Dad advised against it but didn’t insist.
“We try not to dictate with the fun jar. We are trying to teach them to conduct business, to have skin in the game, accountability, consequences and the joy of earned success.”
Justus ignored the advice and bought the lightsaber. Within an hour, the handle was broken, the light didn’t work, the toy was in the trash and Justus was in tears.
When Dad spelled out exactly how many weeks Justus had to save to buy the toy, “he cried even more.”
Dad has also taught the kids about earned interest. Once they understood, they shopped for the highest bank certificate of deposit, finding a 2 percent interest rate from Ally Bank.
Then, there is what I call the annual “Tough Love Dinner.”
“They like to eat out, and we thought it’s about time they started paying,” Ullman said of his children.
Four years ago, the family trotted off in the minivan, money jars in hand, to Paradiso Ristorante in Springfield. As soon as Mom, Dad and the three kids sat down, Alydia turned to her mother.
“What are you having for dinner,” she asked. “Are you having wine? Any salad? Are you going to get dessert?”
“What do you care?” asked Mom.
“I’m paying for it,” Alydia responded.
When the check arrived, the kids pulled out their cash.
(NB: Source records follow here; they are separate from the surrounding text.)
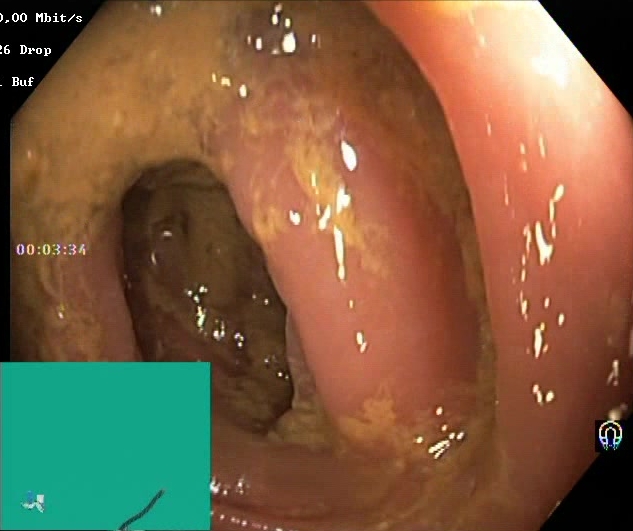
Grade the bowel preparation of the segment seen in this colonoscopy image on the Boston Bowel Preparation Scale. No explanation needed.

Boston Bowel Preparation Scale score 0–1 (inadequate preparation)
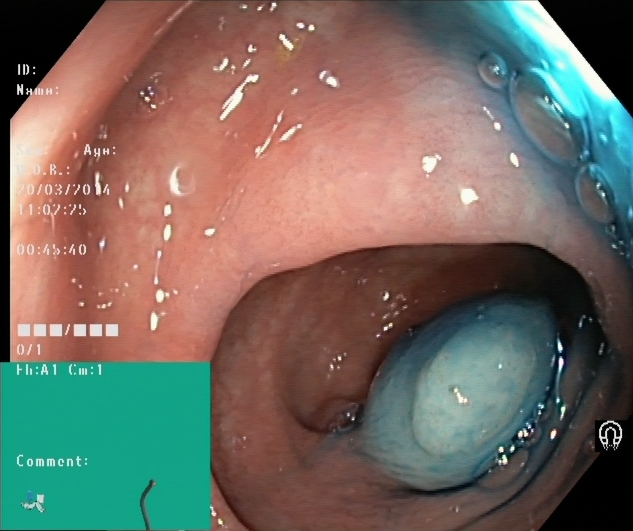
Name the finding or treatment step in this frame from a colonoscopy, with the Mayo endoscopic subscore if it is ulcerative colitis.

dyed and lifted polyp (pre-resection)
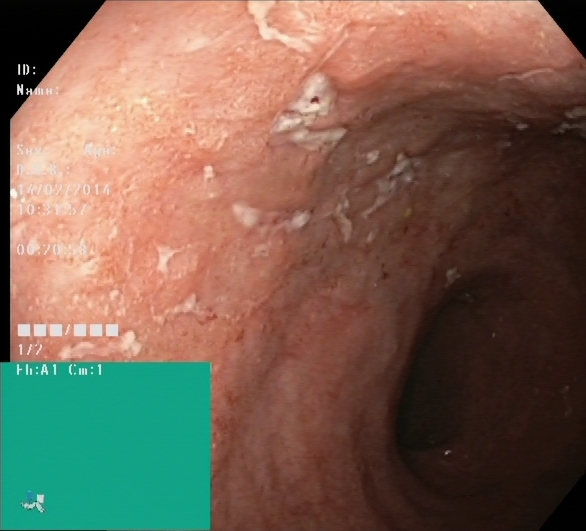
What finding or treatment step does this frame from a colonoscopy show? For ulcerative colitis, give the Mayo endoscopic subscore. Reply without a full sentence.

ulcerative colitis, Mayo endoscopic subscore 2–3
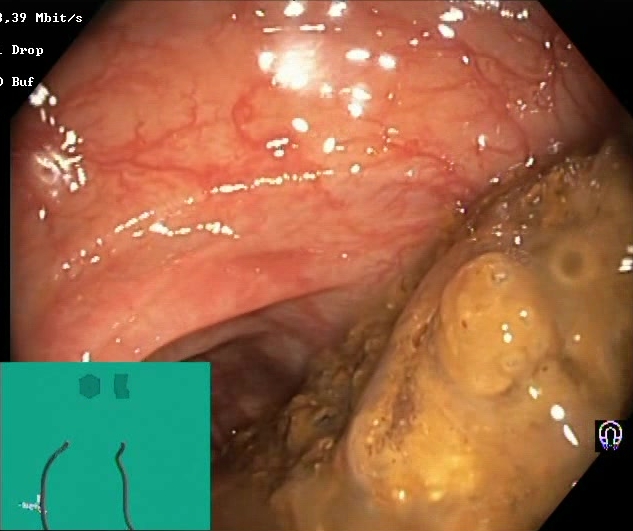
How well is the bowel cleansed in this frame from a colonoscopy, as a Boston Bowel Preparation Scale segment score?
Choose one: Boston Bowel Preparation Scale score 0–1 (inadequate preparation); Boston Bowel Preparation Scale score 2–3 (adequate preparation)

Boston Bowel Preparation Scale score 0–1 (inadequate preparation)
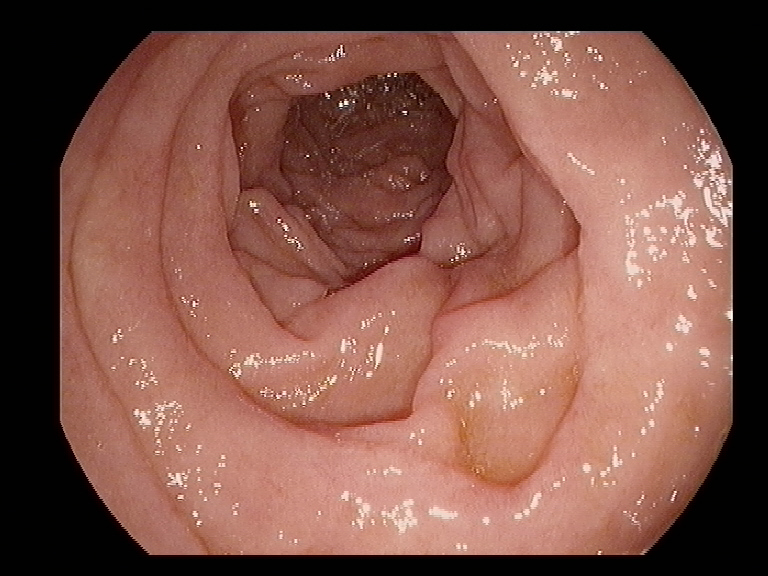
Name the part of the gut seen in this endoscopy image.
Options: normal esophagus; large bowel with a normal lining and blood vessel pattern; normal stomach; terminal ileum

terminal ileum

Just before the bill was paid, a discussion broke out about whether every kid should contribute equally to the bill.
The two younger siblings, advised by Dad, pushed for a pro rata payment based on age, while Alydia — the oldest, with the most potential exposure to the bill — argued for an equal third from each.
“They got into this debate without knowing they were debating a progressive tax versus a flat tax,” Ullman said.
In the end, Alydia paid the greatest share. She can afford it. The industrious kid is the richest of the three and bolsters her allowance with income from babysitting and making jewelry.
“Alydia is moneybags,” said her proud dad. “She hardly ever spends her fun money. She is sitting on some serious dry powder.”